**Aim of the exercise:** Begin at the line below that has "and pattern name" and stop after the line that has "color=256, scale=0.3, pattern_type=0)". Please restate only those lines, word for word.

**Data to examine:**
╭──

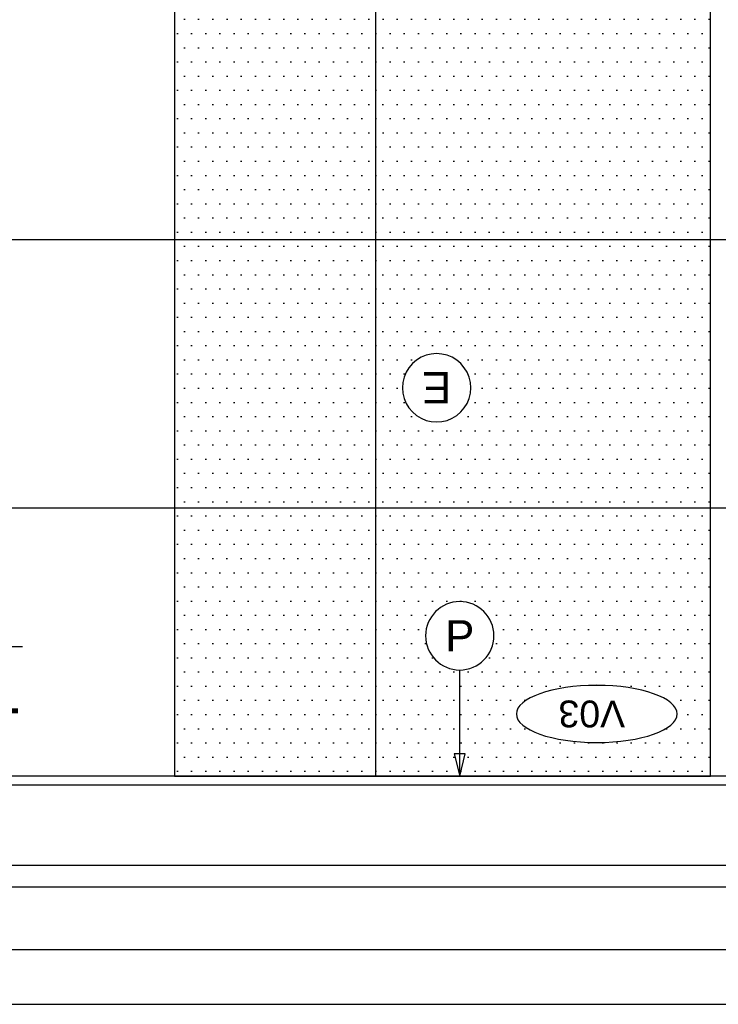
# Model space of a CAD drawing. Extents: x 1 to 126, y -14 to 17.
# Tile 74 of 131: x 58.05 to 58.832, y -4.429 to -3.327. Entities that reach past the tile are written whole.
import ezdxf
from ezdxf.enums import TextEntityAlignment as Align

# ---------------------------------------------------------------- set-up
doc = ezdxf.new("R2010")
doc.units = 0
doc.set_wipeout_variables(frame=1)
doc.header["$PDMODE"] = 3
for name, color, linetype in [('00 AC - YESO', 2, 'Continuous'), ('A-ALBA-0', 9, 'Continuous'), ('A-ALBA-1', 1, 'Continuous'), ('A-ANNO-NIV', 2, 'Continuous'), ('A-ANNO-PLANI @ 20', 1, 'Continuous'), ('A-ANNO-SIMB', 2, 'Continuous'), ('A-ANNO-SIMB @ 20', 2, 'Continuous'), ('A-ANOT-COTA-ACUM', 1, 'Continuous')]:
    doc.layers.add(name, color=color, linetype=linetype)
doc.layers.add('A-ALBA-4', color=2, linetype='Continuous', lineweight=25)
doc.styles.add('BIS-ANOT', font='swiss.ttf')
doc.styles.add('BIS-COTA', font='swissb.ttf')
doc.styles.add('BIS-COTA-ACUM', font='swissi.ttf', dxfattribs={"oblique": 20})
doc.styles.add('E5-100', font='micross.ttf')
doc.dimstyles.new('BIS-COTA-ACUM', dxfattribs={"dimscale": 0.9, "dimtxt": 0.0016, "dimasz": 0.001, "dimexe": 0.0035, "dimexo": 0, "dimgap": 0.0005, "dimtad": 1, "dimdec": 1, "dimlfac": 100, "dimrnd": 1, "dimzin": 9, "dimdsep": 46, "dimtxsty": 'BIS-COTA-ACUM', "dimblk1": 'MARK1', "dimblk2": 'MARK2', "dimsah": 1, "dimcen": 0, "dimclrd": 1, "dimclre": 256, "dimclrt": 256, "dimaunit": 1, "dimadec": 0, "dimazin": 0, "dimtfac": 1, "dimtdec": 1, "dimtix": 1, "dimtmove": 2, "dimatfit": 3, "dimldrblk": 'MARK1', "dimfxl": 1, "dimtolj": 1, "dimarcsym": 1})
doc.dimstyles.new('BIS-COTA-NIVE', dxfattribs={"dimscale": 1.8, "dimtxt": 0.0018, "dimasz": 0.0015, "dimexe": 0, "dimexo": 0, "dimgap": 0.0027, "dimtad": 2, "dimtih": 1, "dimtoh": 1, "dimzin": 1, "dimdsep": 46, "dimtxsty": 'BIS-COTA', "dimblk1": 'MARK1', "dimblk2": 'MARK2', "dimsah": 1, "dimcen": 0.0015, "dimclrd": 1, "dimclre": 1, "dimaunit": 1, "dimadec": 0, "dimazin": 0, "dimtfac": 1, "dimtix": 1, "dimtofl": 0, "dimtmove": 2, "dimatfit": 3, "dimldrblk": 'MARK1', "dimfxl": 1, "dimtolj": 1, "dimarcsym": 0})

# ---------------------------------------------------------------- blocks, each defined once
blk = doc.blocks.new('*D282')
at = {"layer": 'A-ANNO-NIV', "color": 1, "lineweight": -2, "transparency": 16777216}
for p, q in [((57.9647, -4.1731), (57.8059, -4.0281)), ((57.8059, -4.0281), (58.0532, -4.0281)), ((57.9047, -4.1731), (57.9647, -4.1731))]:
    blk.add_line(p, q, dxfattribs=at)
at = {"layer": 'Defpoints', "color": 0, "transparency": 16777216}
for p in [(59.1678, -2.0731), (57.8659, -4.0281), (57.9047, -4.1731)]:
    blk.add_point(p, dxfattribs=at)
at = {"layer": 'A-ANNO-NIV', "color": 0, "transparency": 16777216, "insert": (57.9865, -4.1006), "char_height": 0.036, "attachment_point": 5, "rotation": 180, "style": 'BIS-COTA'}
blk.add_mtext('\\A1;+2.10', dxfattribs=at)
blk = doc.blocks.new('MARK1')
at = {"color": 0}
for p, q in [((1, 0), (-1, 0)), ((0, 1.5), (0, -1.5))]:
    blk.add_line(p, q, dxfattribs=at)
blk.add_lwpolyline([(0.5, 0.5), (-0.5, -0.5)], dxfattribs=at)
blk = doc.blocks.new('MARK2')
at = {"color": 0}
for p, q in [((1, 0), (-1, 0)), ((0, 1.5), (0, -1.5))]:
    blk.add_line(p, q, dxfattribs=at)
blk.add_lwpolyline([(0.5, 0.5), (-0.5, -0.5)], dxfattribs=at)
blk = doc.blocks.new('*U55')
blk.add_lwpolyline([(0, -0.007846), (-0.000312, -0.006596), (0.000313, -0.006596)], close=True)
blk.add_wipeout([(0, -0.001913), (0.000299, -0.00189), (0.000591, -0.00182), (0.000869, -0.001705), (0.001125, -0.001548), (0.001353, -0.001353), (0.001548, -0.001125), (0.001705, -0.000869), (0.00182, -0.000591), (0.00189, -0.000299), (0.001913, 0), (0.00189, 0.000299), (0.00182, 0.000591), (0.001705, 0.000869), (0.001548, 0.001125), (0.001353, 0.001353), (0.001125, 0.001548), (0.000869, 0.001705), (0.000591, 0.00182), (0.000299, 0.00189), (0, 0.001913), (-0.000299, 0.00189), (-0.000591, 0.00182), (-0.000869, 0.001705), (-0.001125, 0.001548), (-0.001353, 0.001353), (-0.001548, 0.001125), (-0.001705, 0.000869), (-0.00182, 0.000591), (-0.00189, 0.000299), (-0.001913, 0), (-0.00189, -0.000299), (-0.00182, -0.000591), (-0.001705, -0.000869), (-0.001548, -0.001125), (-0.001353, -0.001353), (-0.001125, -0.001548), (-0.000869, -0.001705), (-0.000591, -0.00182), (-0.000299, -0.00189)])
at = {"linetype": 'Continuous'}
blk.add_line((0, -0.007846), (0, -0.001913), dxfattribs=at)
blk.add_circle((0, 0), 0.001913)
at = {"color": 1, "linetype": 'Continuous', "style": 'E5-100'}
blk.add_attdef('LETRA', text='', height=0.00175, dxfattribs=at).set_placement((0, 0), align=Align.MIDDLE_CENTER)
blk = doc.blocks.new('A-ANNO-NOM-2')
blk.add_wipeout([(0, -0.001913), (0.000299, -0.00189), (0.000591, -0.00182), (0.000869, -0.001705), (0.001125, -0.001548), (0.001353, -0.001353), (0.001548, -0.001125), (0.001705, -0.000869), (0.00182, -0.000591), (0.00189, -0.000299), (0.001913, 0), (0.00189, 0.000299), (0.00182, 0.000591), (0.001705, 0.000869), (0.001548, 0.001125), (0.001353, 0.001353), (0.001125, 0.001548), (0.000869, 0.001705), (0.000591, 0.00182), (0.000299, 0.00189), (0, 0.001913), (-0.000299, 0.00189), (-0.000591, 0.00182), (-0.000869, 0.001705), (-0.001125, 0.001548), (-0.001353, 0.001353), (-0.001548, 0.001125), (-0.001705, 0.000869), (-0.00182, 0.000591), (-0.00189, 0.000299), (-0.001913, 0), (-0.00189, -0.000299), (-0.00182, -0.000591), (-0.001705, -0.000869), (-0.001548, -0.001125), (-0.001353, -0.001353), (-0.001125, -0.001548), (-0.000869, -0.001705), (-0.000591, -0.00182), (-0.000299, -0.00189)])
blk.add_lwpolyline([(0, -0.001913), (0.000299, -0.00189), (0.000591, -0.00182), (0.000869, -0.001705), (0.001125, -0.001548), (0.001353, -0.001353), (0.001548, -0.001125), (0.001705, -0.000869), (0.00182, -0.000591), (0.00189, -0.000299), (0.001913, 0), (0.00189, 0.000299), (0.00182, 0.000591), (0.001705, 0.000869), (0.001548, 0.001125), (0.001353, 0.001353), (0.001125, 0.001548), (0.000869, 0.001705), (0.000591, 0.00182), (0.000299, 0.00189), (0, 0.001913), (-0.000299, 0.00189), (-0.000591, 0.00182), (-0.000869, 0.001705), (-0.001125, 0.001548), (-0.001353, 0.001353), (-0.001548, 0.001125), (-0.001705, 0.000869), (-0.00182, 0.000591), (-0.00189, 0.000299), (-0.001913, 0), (-0.00189, -0.000299), (-0.00182, -0.000591), (-0.001705, -0.000869), (-0.001548, -0.001125), (-0.001353, -0.001353), (-0.001125, -0.001548), (-0.000869, -0.001705), (-0.000591, -0.00182), (-0.000299, -0.00189)], close=True)
at = {"color": 1, "linetype": 'Continuous', "style": 'E5-100'}
blk.add_attdef('LETRA', text='', height=0.00175, dxfattribs=at).set_placement((0, 0), align=Align.MIDDLE_CENTER)
blk = doc.blocks.new('CCA-PLANI1')
blk.add_wipeout([(0.225, 0), (0.2186, -0.0189), (0.2045, -0.0333), (0.1875, -0.0442), (0.1691, -0.0528), (0.15, -0.0596), (0.1305, -0.0652), (0.1108, -0.0696), (0.0908, -0.0732), (0.0708, -0.0759), (0.0506, -0.078), (0.0304, -0.0793), (0.0101, -0.0799), (-0.0101, -0.0799), (-0.0304, -0.0793), (-0.0506, -0.078), (-0.0708, -0.0759), (-0.0908, -0.0732), (-0.1108, -0.0696), (-0.1305, -0.0652), (-0.15, -0.0596), (-0.1691, -0.0528), (-0.1875, -0.0442), (-0.2045, -0.0333), (-0.2186, -0.0189), (-0.225, 0), (-0.2186, 0.0189), (-0.2045, 0.0333), (-0.1875, 0.0442), (-0.1691, 0.0528), (-0.15, 0.0596), (-0.1305, 0.0652), (-0.1108, 0.0696), (-0.0908, 0.0732), (-0.0708, 0.0759), (-0.0506, 0.078), (-0.0304, 0.0793), (-0.0101, 0.0799), (0.0101, 0.0799), (0.0304, 0.0793), (0.0506, 0.078), (0.0708, 0.0759), (0.0908, 0.0732), (0.1108, 0.0696), (0.1305, 0.0652), (0.15, 0.0596), (0.1691, 0.0528), (0.1875, 0.0442), (0.2045, 0.0333), (0.2186, 0.0189)])
blk.add_ellipse((0, 0), major_axis=(-0.225, 0), ratio=0.355556, start_param=-3.141592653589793, end_param=3.141592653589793)
at = {"color": 2, "style": 'E5-100'}
blk.add_attdef('TIPO', text='', height=0.075, rotation=360, dxfattribs=at).set_placement((0, 0), align=Align.MIDDLE_CENTER)
blk = doc.blocks.new('*D357')
at = {"layer": 'A-ANOT-COTA-ACUM', "lineweight": -2, "transparency": 16777216}
blk.add_line((57.7196, -3.9132), (57.9063, -3.9132), dxfattribs=at)
at = {"layer": 'Defpoints', "color": 0, "transparency": 16777216}
for p in [(58.2296, -2.7132), (57.7196, -3.9132), (57.819, -3.9132)]:
    blk.add_point(p, dxfattribs=at)
at = {"layer": 'A-ANOT-COTA-ACUM', "transparency": 16777216, "insert": (57.8676, -3.9396), "char_height": 0.032, "attachment_point": 5, "rotation": 180, "style": 'BIS-COTA-ACUM'}
blk.add_mtext('\\A1;184', dxfattribs=at)
blk = doc.blocks.new('*D514')
at = {"layer": 'A-ANNO-SIMB', "color": 1, "linetype": 'Continuous', "lineweight": -2, "transparency": 16777216}
for p, q in [((57.9142, -4.0509), (57.7916, -3.906)), ((57.7916, -3.906), (57.9664, -3.906)), ((57.8542, -4.0509), (57.9142, -4.0509))]:
    blk.add_line(p, q, dxfattribs=at)
at = {"layer": 'Defpoints', "color": 0, "linetype": 'Continuous', "transparency": 16777216}
for p in [(59.1173, -1.9509), (57.8516, -3.906), (57.8542, -4.0509)]:
    blk.add_point(p, dxfattribs=at)
at = {"layer": 'A-ANNO-SIMB', "color": 0, "linetype": 'Continuous', "transparency": 16777216, "insert": (57.936, -3.9785), "char_height": 0.036, "attachment_point": 5, "rotation": 180, "style": 'BIS-COTA'}
blk.add_mtext('\\A1;JA', dxfattribs=at)

msp = doc.modelspace()

# ---------------------------------------------------------------- hatches: boundary and pattern name
at = {"layer": 'A-ALBA-0'}
h = msp.add_hatch(dxfattribs=at)
h.set_pattern_fill('_USER', color=256, scale=0.3, pattern_type=0)
h.set_pattern_definition([(360, (59.6483, -2.0732), (4e-16, 0.3), [])])
h.paths.add_polyline_path([(57.4, -2.0736), (57.3966, -4.1731), (59.6483, -4.1731), (59.6483, -2.0732)])
h = msp.add_hatch(dxfattribs=at)
h.set_pattern_fill('_USER', color=256, scale=0.6, angle=-90, pattern_type=0)
h.set_pattern_definition([(270, (59.6483, -2.0732), (0.6, -8e-16), [])])
h.paths.add_polyline_path([(57.4, -2.0736), (57.3966, -4.1731), (59.6483, -4.1732), (59.6483, -2.0732)])
at = {"layer": 'A-ALBA-1'}
h = msp.add_hatch(dxfattribs=at)
h.set_pattern_fill('DOTS', color=256, scale=0.01)
h.set_pattern_definition([(360, (-160342.37665, 866351.60514), (0.0079375, 0.015875), [0, -0.015875])])
h.paths.add_polyline_path([(58.2233, -4.1733), (58.2233, -2.9733), (58.8233, -2.9733), (58.8233, -4.1733)])

# ---------------------------------------------------------------- linework, layer by layer
at = {"color": 6, "ltscale": 0.01}
msp.add_line((59.6632, -4.3677), (57.3837, -4.3677), dxfattribs=at)
at = {"layer": '00 AC - YESO'}
for p, q in [((59.6632, -4.2732), (57.3832, -4.2732)), ((59.6632, -4.2977), (57.3837, -4.2977))]:
    msp.add_line(p, q, dxfattribs=at)
at = {"layer": 'A-ALBA-1'}
for p, q in [((57.3833, -4.1731), (59.6483, -4.1731)), ((57.3833, -4.1831), (59.6633, -4.1831))]:
    msp.add_line(p, q, dxfattribs=at)
msp.add_lwpolyline([(58.2233, -2.9733), (58.2233, -4.1733), (58.8233, -4.1733), (58.8233, -2.9733)], close=True, dxfattribs=at)
at = {"layer": 'A-ALBA-4'}
msp.add_lwpolyline([(59.6483, -4.1731), (59.6483, -2.0732), (57.3983, -2.0732), (57.3983, -4.1731), (57.3833, -4.1731), (57.3833, -4.4286), (59.6633, -4.4286), (59.6633, -4.1731)], close=True, dxfattribs=at)

# ---------------------------------------------------------------- dimensions: what is measured, and where the dimension line sits
at = {"layer": 'A-ANNO-NIV'}
dim = msp.add_ordinate_dim(feature_location=(57.9047, -4.1731), offset=(-0.0388, 0.1449), dtype=0, origin=(59.1678, -2.0731), dimstyle='BIS-COTA-NIVE', override={"dimscale": 0, "dimpost": '+<>', "dimtix": 1, "dimtofl": 0, "dimtmove": 2, "dimatfit": 3}, dxfattribs=at)
dim.commit()
dim.dimension.update_dxf_attribs({"geometry": '*D282', "text_midpoint": (57.9865, -4.1006)})
at = {"layer": 'A-ANOT-COTA-ACUM'}
dim = msp.add_ordinate_dim(feature_location=(57.7196, -3.9132), offset=(0.0994, 0), dtype=0, origin=(58.2296, -2.7132), text='184', dimstyle='BIS-COTA-ACUM', override={"dimscale": 0, "dimtix": 1, "dimtofl": 1, "dimtmove": 2, "dimatfit": 3}, dxfattribs=at)
dim.commit()
dim.dimension.update_dxf_attribs({"geometry": '*D357', "text_midpoint": (57.8676, -3.9396)})

# ---------------------------------------------------------------- next in the draw order: block references
at = {"layer": 'A-ANNO-PLANI @ 20'}
ref = msp.add_blockref('CCA-PLANI1', (58.696, -4.1037), dxfattribs=dict(at, xscale=-0.400175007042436, yscale=0.400175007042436, zscale=0.400175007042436, rotation=180))
ref.add_attrib('TIPO', 'V03', dxfattribs={"layer": '0', "color": 2, "height": 0.03001, "rotation": 180, "style": 'E5-100'}).set_placement((58.6904, -4.1037), align=Align.MIDDLE_CENTER)
at = {"layer": 'A-ANNO-SIMB @ 20', "linetype": 'Continuous'}
ref = msp.add_blockref('A-ANNO-NOM-2', (58.5167, -3.7388), dxfattribs=dict(at, xscale=20, yscale=20, zscale=20, rotation=180.0000000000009))
ref.add_attrib('LETRA', 'E', dxfattribs={"layer": '0', "color": 1, "linetype": 'Continuous', "height": 0.035, "rotation": 180, "style": 'BIS-ANOT'}).set_placement((58.5167, -3.7388), align=Align.MIDDLE_CENTER)
ref = msp.add_blockref('*U55', (58.5426, -4.0163), dxfattribs=dict(at, xscale=-20, yscale=20, zscale=20, rotation=359.9999999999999))
ref.add_attrib('LETRA', 'P', dxfattribs={"layer": '0', "color": 1, "linetype": 'Continuous', "height": 0.035, "rotation": 360, "style": 'E5-100'}).set_placement((58.5426, -4.0163), align=Align.MIDDLE_CENTER)

# ---------------------------------------------------------------- next in the draw order: dimensions: what is measured, and where the dimension line sits
at = {"layer": 'A-ANNO-SIMB', "linetype": 'Continuous'}
dim = msp.add_ordinate_dim(feature_location=(57.8542, -4.0509), offset=(-0.0026, 0.145), dtype=0, origin=(59.1173, -1.9509), text='JA', dimstyle='BIS-COTA-NIVE', override={"dimscale": 0, "dimpost": '+<>', "dimtix": 1, "dimtofl": 0, "dimtmove": 2, "dimatfit": 3}, dxfattribs=at)
dim.commit()
dim.dimension.update_dxf_attribs({"geometry": '*D514', "text_midpoint": (57.936, -3.9785)})

doc.saveas('drawing.dxf')

╰──

**Answer below:**
# ---------------------------------------------------------------- hatches: boundary and pattern name
at = {"layer": 'A-ALBA-0'}
h = msp.add_hatch(dxfattribs=at)
h.set_pattern_fill('_USER', color=256, scale=0.3, pattern_type=0)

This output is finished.